▸ TASK OBJECTIVE: Provide an exact copy of the data, excluding the images.

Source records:
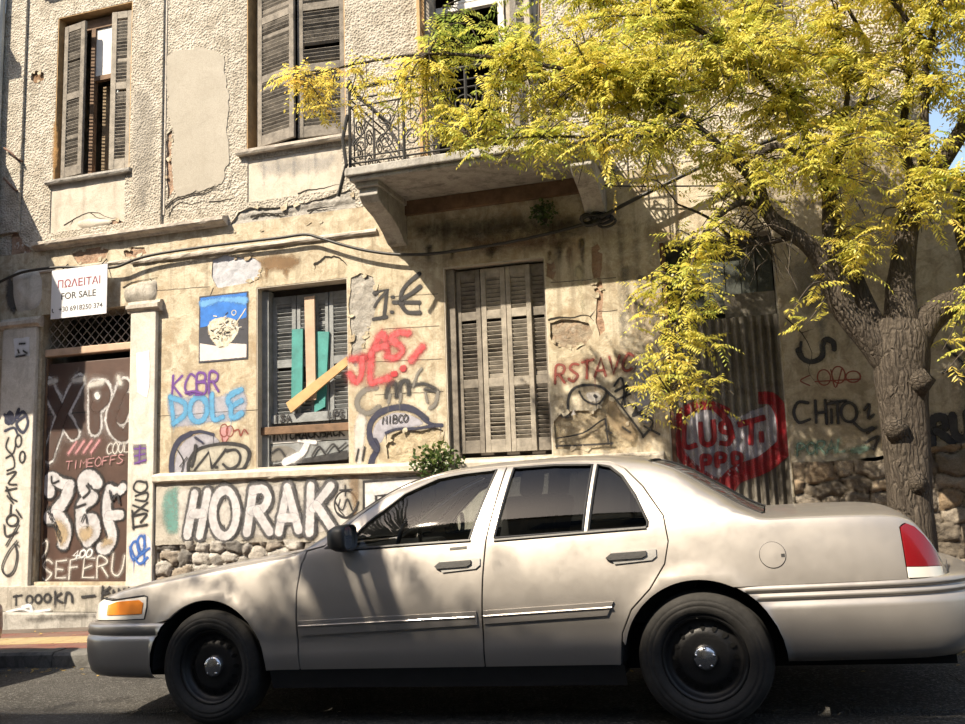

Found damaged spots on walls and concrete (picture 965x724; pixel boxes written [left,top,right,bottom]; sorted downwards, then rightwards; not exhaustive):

flaking render [165,132,173,199]
crack [165,170,234,217]
crack [250,184,339,218]
flaking render [73,247,109,264]
flaking render [124,247,146,258]
peeling [347,273,379,367]
flaking render [550,244,605,350]

▸ ANSWER TO THIS TASK:
Found damaged spots on walls and concrete (picture 965x724; pixel boxes written [left,top,right,bottom]; sorted downwards, then rightwards; not exhaustive):

flaking render [165,132,173,199]
crack [165,170,234,217]
crack [250,184,339,218]
flaking render [73,247,109,264]
flaking render [124,247,146,258]
peeling [347,273,379,367]
flaking render [550,244,605,350]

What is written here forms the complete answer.